──────── RECORDS FOR PROCESSING ────────

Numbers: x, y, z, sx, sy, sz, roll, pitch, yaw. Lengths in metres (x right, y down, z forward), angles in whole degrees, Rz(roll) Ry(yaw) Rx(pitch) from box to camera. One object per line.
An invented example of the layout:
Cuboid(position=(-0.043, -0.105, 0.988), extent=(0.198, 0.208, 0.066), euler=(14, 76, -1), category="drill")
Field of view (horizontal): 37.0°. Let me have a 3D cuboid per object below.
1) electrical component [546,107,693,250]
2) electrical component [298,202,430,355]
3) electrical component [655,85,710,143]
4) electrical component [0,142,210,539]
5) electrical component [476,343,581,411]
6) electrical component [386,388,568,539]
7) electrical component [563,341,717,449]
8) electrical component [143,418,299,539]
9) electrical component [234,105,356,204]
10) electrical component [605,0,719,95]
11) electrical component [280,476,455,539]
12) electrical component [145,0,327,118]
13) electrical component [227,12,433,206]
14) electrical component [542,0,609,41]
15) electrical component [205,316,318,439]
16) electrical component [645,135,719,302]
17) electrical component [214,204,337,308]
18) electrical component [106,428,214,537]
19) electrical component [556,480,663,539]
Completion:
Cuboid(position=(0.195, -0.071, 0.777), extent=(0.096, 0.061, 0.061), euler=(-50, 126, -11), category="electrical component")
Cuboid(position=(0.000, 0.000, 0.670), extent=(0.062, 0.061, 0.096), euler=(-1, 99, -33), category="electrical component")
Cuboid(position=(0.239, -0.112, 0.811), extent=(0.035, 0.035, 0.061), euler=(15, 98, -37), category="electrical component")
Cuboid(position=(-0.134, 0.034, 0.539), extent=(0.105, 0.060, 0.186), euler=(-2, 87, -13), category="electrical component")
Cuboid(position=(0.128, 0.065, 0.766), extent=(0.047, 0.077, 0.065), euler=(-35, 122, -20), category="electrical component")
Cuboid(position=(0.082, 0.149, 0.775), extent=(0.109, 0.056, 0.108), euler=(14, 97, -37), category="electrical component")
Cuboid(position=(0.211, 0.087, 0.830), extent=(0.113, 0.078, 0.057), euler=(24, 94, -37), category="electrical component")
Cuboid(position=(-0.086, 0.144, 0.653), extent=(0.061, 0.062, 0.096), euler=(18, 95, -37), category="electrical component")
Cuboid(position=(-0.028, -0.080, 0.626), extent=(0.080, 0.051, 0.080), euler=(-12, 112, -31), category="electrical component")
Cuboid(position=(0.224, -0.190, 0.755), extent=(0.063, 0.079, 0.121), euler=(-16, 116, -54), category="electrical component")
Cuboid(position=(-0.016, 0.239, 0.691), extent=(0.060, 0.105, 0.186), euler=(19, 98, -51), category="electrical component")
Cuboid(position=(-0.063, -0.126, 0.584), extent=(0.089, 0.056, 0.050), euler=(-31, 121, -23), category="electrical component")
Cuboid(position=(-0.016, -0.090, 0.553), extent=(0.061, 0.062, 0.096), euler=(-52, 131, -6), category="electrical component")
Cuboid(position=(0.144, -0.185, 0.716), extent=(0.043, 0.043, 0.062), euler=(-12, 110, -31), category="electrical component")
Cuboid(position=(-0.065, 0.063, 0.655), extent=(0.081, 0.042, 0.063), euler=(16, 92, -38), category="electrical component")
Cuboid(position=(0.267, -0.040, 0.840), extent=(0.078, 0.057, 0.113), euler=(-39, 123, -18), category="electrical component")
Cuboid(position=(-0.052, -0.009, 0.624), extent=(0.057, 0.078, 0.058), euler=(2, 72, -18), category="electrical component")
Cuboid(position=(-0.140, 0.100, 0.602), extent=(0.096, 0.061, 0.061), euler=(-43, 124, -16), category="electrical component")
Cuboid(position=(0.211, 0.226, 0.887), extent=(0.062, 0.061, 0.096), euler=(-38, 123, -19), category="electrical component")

────────

■ EXERCISE DIRECTIONS ■
Reproduce the lines above, beginning at the line with "13) electrical component [227,12,433,206]" and stopping after the line with "19) electrical component [556,480,663,539]", exactly as they are.

■ YOUR RESPONSE ■
13) electrical component [227,12,433,206]
14) electrical component [542,0,609,41]
15) electrical component [205,316,318,439]
16) electrical component [645,135,719,302]
17) electrical component [214,204,337,308]
18) electrical component [106,428,214,537]
19) electrical component [556,480,663,539]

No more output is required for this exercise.